Records from a data source:
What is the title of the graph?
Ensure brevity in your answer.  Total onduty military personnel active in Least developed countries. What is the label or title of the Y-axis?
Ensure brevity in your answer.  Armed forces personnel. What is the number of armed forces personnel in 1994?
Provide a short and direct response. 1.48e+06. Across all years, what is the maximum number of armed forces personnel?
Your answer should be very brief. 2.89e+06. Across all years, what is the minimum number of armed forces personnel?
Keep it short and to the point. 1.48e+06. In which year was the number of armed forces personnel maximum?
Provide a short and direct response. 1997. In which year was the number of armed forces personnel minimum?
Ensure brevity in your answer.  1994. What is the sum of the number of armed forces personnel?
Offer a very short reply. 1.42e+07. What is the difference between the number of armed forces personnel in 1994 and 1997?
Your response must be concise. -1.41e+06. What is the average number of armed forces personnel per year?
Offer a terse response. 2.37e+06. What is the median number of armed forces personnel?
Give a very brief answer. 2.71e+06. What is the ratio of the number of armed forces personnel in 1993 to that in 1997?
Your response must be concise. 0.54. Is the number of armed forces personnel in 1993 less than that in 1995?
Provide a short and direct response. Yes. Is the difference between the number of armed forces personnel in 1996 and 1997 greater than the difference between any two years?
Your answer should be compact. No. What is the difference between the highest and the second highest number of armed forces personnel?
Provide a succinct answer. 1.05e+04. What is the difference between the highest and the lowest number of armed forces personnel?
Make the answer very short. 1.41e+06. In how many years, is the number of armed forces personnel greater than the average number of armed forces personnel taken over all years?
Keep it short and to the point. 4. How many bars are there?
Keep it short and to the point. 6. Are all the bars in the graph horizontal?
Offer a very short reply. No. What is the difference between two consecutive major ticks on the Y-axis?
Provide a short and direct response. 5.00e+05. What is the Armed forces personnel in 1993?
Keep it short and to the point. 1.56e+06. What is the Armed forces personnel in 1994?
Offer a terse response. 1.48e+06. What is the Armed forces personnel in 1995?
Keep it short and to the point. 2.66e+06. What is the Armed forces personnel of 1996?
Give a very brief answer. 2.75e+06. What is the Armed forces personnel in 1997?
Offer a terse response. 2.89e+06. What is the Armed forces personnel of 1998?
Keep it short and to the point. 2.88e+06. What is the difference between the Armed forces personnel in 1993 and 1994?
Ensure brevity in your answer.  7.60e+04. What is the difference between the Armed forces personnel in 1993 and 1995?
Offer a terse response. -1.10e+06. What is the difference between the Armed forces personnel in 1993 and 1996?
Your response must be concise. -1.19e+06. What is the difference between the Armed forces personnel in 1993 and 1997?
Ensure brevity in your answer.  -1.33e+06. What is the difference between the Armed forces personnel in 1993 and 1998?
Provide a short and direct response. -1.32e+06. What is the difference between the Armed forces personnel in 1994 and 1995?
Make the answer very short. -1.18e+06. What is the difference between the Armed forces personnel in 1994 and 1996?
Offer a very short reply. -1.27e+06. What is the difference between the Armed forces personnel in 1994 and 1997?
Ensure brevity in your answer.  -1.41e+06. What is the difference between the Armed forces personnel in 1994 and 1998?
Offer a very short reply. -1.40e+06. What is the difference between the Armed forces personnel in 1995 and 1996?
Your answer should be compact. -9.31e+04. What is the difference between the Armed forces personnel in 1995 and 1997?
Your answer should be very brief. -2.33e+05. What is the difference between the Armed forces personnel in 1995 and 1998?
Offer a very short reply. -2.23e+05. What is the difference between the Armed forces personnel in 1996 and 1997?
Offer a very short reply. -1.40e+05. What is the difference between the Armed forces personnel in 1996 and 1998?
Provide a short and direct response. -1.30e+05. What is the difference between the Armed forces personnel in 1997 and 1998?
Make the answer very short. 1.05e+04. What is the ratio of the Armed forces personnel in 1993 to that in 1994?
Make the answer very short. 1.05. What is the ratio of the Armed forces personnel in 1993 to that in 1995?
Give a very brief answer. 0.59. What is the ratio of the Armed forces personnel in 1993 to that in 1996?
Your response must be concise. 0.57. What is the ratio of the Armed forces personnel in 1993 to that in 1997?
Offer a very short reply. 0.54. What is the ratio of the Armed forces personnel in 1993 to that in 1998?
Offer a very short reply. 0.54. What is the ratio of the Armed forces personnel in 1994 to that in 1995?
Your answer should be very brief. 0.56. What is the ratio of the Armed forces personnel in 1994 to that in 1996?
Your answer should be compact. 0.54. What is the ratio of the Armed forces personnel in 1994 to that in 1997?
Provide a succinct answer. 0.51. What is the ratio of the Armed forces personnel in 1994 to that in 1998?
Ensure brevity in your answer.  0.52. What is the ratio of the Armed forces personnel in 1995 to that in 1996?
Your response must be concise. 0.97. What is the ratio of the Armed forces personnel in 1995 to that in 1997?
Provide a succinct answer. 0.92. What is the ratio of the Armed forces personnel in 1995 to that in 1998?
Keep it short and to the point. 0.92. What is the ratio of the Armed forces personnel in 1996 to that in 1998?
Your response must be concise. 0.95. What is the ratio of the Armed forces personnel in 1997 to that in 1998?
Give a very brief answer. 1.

Exercise: Please transcribe the data shown above in full, exactly as it stands.

Written response:
What is the title of the graph?
Ensure brevity in your answer.  Total onduty military personnel active in Least developed countries. What is the label or title of the Y-axis?
Ensure brevity in your answer.  Armed forces personnel. What is the number of armed forces personnel in 1994?
Provide a short and direct response. 1.48e+06. Across all years, what is the maximum number of armed forces personnel?
Your answer should be very brief. 2.89e+06. Across all years, what is the minimum number of armed forces personnel?
Keep it short and to the point. 1.48e+06. In which year was the number of armed forces personnel maximum?
Provide a short and direct response. 1997. In which year was the number of armed forces personnel minimum?
Ensure brevity in your answer.  1994. What is the sum of the number of armed forces personnel?
Offer a very short reply. 1.42e+07. What is the difference between the number of armed forces personnel in 1994 and 1997?
Your response must be concise. -1.41e+06. What is the average number of armed forces personnel per year?
Offer a terse response. 2.37e+06. What is the median number of armed forces personnel?
Give a very brief answer. 2.71e+06. What is the ratio of the number of armed forces personnel in 1993 to that in 1997?
Your response must be concise. 0.54. Is the number of armed forces personnel in 1993 less than that in 1995?
Provide a short and direct response. Yes. Is the difference between the number of armed forces personnel in 1996 and 1997 greater than the difference between any two years?
Your answer should be compact. No. What is the difference between the highest and the second highest number of armed forces personnel?
Provide a succinct answer. 1.05e+04. What is the difference between the highest and the lowest number of armed forces personnel?
Make the answer very short. 1.41e+06. In how many years, is the number of armed forces personnel greater than the average number of armed forces personnel taken over all years?
Keep it short and to the point. 4. How many bars are there?
Keep it short and to the point. 6. Are all the bars in the graph horizontal?
Offer a very short reply. No. What is the difference between two consecutive major ticks on the Y-axis?
Provide a short and direct response. 5.00e+05. What is the Armed forces personnel in 1993?
Keep it short and to the point. 1.56e+06. What is the Armed forces personnel in 1994?
Offer a terse response. 1.48e+06. What is the Armed forces personnel in 1995?
Keep it short and to the point. 2.66e+06. What is the Armed forces personnel of 1996?
Give a very brief answer. 2.75e+06. What is the Armed forces personnel in 1997?
Offer a terse response. 2.89e+06. What is the Armed forces personnel of 1998?
Keep it short and to the point. 2.88e+06. What is the difference between the Armed forces personnel in 1993 and 1994?
Ensure brevity in your answer.  7.60e+04. What is the difference between the Armed forces personnel in 1993 and 1995?
Offer a terse response. -1.10e+06. What is the difference between the Armed forces personnel in 1993 and 1996?
Your response must be concise. -1.19e+06. What is the difference between the Armed forces personnel in 1993 and 1997?
Ensure brevity in your answer.  -1.33e+06. What is the difference between the Armed forces personnel in 1993 and 1998?
Provide a short and direct response. -1.32e+06. What is the difference between the Armed forces personnel in 1994 and 1995?
Make the answer very short. -1.18e+06. What is the difference between the Armed forces personnel in 1994 and 1996?
Offer a very short reply. -1.27e+06. What is the difference between the Armed forces personnel in 1994 and 1997?
Ensure brevity in your answer.  -1.41e+06. What is the difference between the Armed forces personnel in 1994 and 1998?
Offer a very short reply. -1.40e+06. What is the difference between the Armed forces personnel in 1995 and 1996?
Your answer should be compact. -9.31e+04. What is the difference between the Armed forces personnel in 1995 and 1997?
Your answer should be very brief. -2.33e+05. What is the difference between the Armed forces personnel in 1995 and 1998?
Offer a very short reply. -2.23e+05. What is the difference between the Armed forces personnel in 1996 and 1997?
Offer a very short reply. -1.40e+05. What is the difference between the Armed forces personnel in 1996 and 1998?
Provide a short and direct response. -1.30e+05. What is the difference between the Armed forces personnel in 1997 and 1998?
Make the answer very short. 1.05e+04. What is the ratio of the Armed forces personnel in 1993 to that in 1994?
Make the answer very short. 1.05. What is the ratio of the Armed forces personnel in 1993 to that in 1995?
Give a very brief answer. 0.59. What is the ratio of the Armed forces personnel in 1993 to that in 1996?
Your response must be concise. 0.57. What is the ratio of the Armed forces personnel in 1993 to that in 1997?
Offer a very short reply. 0.54. What is the ratio of the Armed forces personnel in 1993 to that in 1998?
Offer a very short reply. 0.54. What is the ratio of the Armed forces personnel in 1994 to that in 1995?
Your answer should be very brief. 0.56. What is the ratio of the Armed forces personnel in 1994 to that in 1996?
Your answer should be compact. 0.54. What is the ratio of the Armed forces personnel in 1994 to that in 1997?
Provide a succinct answer. 0.51. What is the ratio of the Armed forces personnel in 1994 to that in 1998?
Ensure brevity in your answer.  0.52. What is the ratio of the Armed forces personnel in 1995 to that in 1996?
Your response must be concise. 0.97. What is the ratio of the Armed forces personnel in 1995 to that in 1997?
Provide a succinct answer. 0.92. What is the ratio of the Armed forces personnel in 1995 to that in 1998?
Keep it short and to the point. 0.92. What is the ratio of the Armed forces personnel in 1996 to that in 1998?
Your response must be concise. 0.95. What is the ratio of the Armed forces personnel in 1997 to that in 1998?
Give a very brief answer. 1.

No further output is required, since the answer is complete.